Today, the average Nigerian can easily reel out names of ranking former officials of government and their counterparts from the private sector who have been successfully investigated and prosecuted by the Commission, with staggering amounts of money and fixed assets also recovered by the Commission from them.

It is important to state that the EFCC secured 314 convictions in 2018 including that of two former state governors who were sentenced to 14 years imprisonment without option of fine, while the commission has recorded about 120 convictions this year already.

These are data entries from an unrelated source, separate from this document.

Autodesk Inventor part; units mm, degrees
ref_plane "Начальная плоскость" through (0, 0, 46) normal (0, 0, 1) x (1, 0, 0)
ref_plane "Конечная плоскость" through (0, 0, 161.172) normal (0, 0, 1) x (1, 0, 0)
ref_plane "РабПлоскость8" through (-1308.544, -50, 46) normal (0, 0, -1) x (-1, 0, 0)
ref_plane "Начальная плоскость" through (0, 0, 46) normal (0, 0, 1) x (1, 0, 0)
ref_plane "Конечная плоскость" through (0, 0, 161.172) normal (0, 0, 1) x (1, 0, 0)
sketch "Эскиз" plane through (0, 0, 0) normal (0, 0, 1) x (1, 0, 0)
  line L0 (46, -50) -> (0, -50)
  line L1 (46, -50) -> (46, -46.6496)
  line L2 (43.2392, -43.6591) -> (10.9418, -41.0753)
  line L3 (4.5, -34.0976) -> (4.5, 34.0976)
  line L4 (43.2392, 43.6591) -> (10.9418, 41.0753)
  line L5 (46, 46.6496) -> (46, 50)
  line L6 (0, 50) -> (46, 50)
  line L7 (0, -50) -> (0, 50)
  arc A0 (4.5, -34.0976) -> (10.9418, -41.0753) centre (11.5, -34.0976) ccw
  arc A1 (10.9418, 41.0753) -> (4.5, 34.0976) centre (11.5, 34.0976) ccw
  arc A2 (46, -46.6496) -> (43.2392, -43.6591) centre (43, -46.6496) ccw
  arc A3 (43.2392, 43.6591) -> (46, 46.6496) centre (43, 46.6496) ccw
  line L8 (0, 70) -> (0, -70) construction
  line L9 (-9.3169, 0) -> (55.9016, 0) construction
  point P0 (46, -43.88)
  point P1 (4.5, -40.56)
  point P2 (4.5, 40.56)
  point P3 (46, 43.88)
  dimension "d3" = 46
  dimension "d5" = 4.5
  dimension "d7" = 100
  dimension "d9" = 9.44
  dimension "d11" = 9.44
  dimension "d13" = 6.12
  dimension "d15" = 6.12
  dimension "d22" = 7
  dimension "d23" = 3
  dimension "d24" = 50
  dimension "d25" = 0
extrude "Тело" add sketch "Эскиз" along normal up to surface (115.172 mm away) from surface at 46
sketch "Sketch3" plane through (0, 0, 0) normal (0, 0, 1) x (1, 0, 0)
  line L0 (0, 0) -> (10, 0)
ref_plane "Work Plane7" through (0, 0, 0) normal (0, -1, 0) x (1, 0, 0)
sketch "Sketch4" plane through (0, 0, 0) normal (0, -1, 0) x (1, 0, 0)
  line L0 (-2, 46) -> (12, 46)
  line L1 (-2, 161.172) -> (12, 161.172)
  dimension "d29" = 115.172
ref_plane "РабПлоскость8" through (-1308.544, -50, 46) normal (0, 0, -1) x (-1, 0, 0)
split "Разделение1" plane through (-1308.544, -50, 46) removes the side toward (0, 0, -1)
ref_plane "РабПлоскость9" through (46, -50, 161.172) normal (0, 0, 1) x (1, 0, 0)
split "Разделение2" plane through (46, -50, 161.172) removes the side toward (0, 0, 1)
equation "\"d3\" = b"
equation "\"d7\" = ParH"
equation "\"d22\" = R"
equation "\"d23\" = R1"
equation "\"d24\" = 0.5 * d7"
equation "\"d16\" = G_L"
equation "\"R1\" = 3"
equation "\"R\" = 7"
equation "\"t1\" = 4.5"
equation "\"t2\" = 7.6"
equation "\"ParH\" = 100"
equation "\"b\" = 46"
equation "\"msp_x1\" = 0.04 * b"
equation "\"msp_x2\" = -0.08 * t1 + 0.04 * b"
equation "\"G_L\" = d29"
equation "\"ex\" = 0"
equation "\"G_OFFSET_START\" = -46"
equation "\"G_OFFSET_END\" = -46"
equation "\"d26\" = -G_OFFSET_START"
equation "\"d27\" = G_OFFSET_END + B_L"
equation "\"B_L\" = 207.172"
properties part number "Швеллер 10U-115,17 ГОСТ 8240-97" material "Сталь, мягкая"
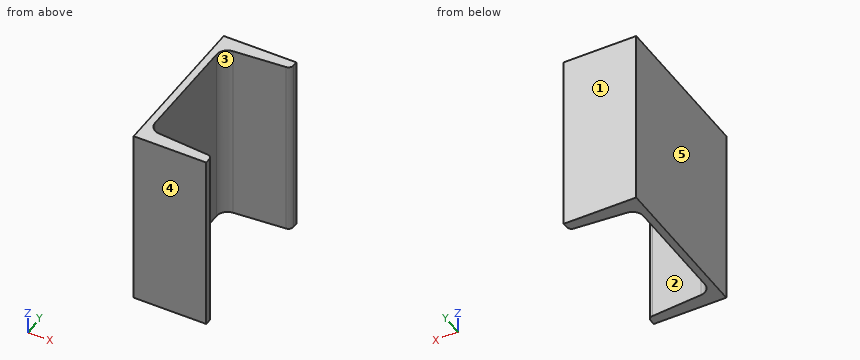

Just few days ago, the former Chief of Defence Staff, the late Alex Badeh forfeited six choice properties and $1 million to the Federal Government, on the order of Justice Okon Abang of the Federal High Court Abuja. It could also be recalled that the EFCC on Friday, March 1, 2019, secured a final forfeiture of the sum N732.85 million being proceeds of fraud perpetuated by 17 individuals in the Presidential Amnesty Programme Office.


We wish to further state that in the area of convictions, Air Vice Marshall Tony Omenyi (retd), was on Thursday, February 28, 2019, jailed for 21 years by Justice Nnamdi Dimgba of a Federal High Court, Abuja, having been found guilty of the amended three-count charge brought against him by the EFCC. He also forfeited his cimpany, Huzee Nigeria Limited, and N60 million to the Federal Government.

The EFCC is committed in fulfilling the mandate of the Commission within the ambit of the rule of law; we are the hope for Nigeriaโ€™s success in the fight against corruption, therefore we should not be distracted.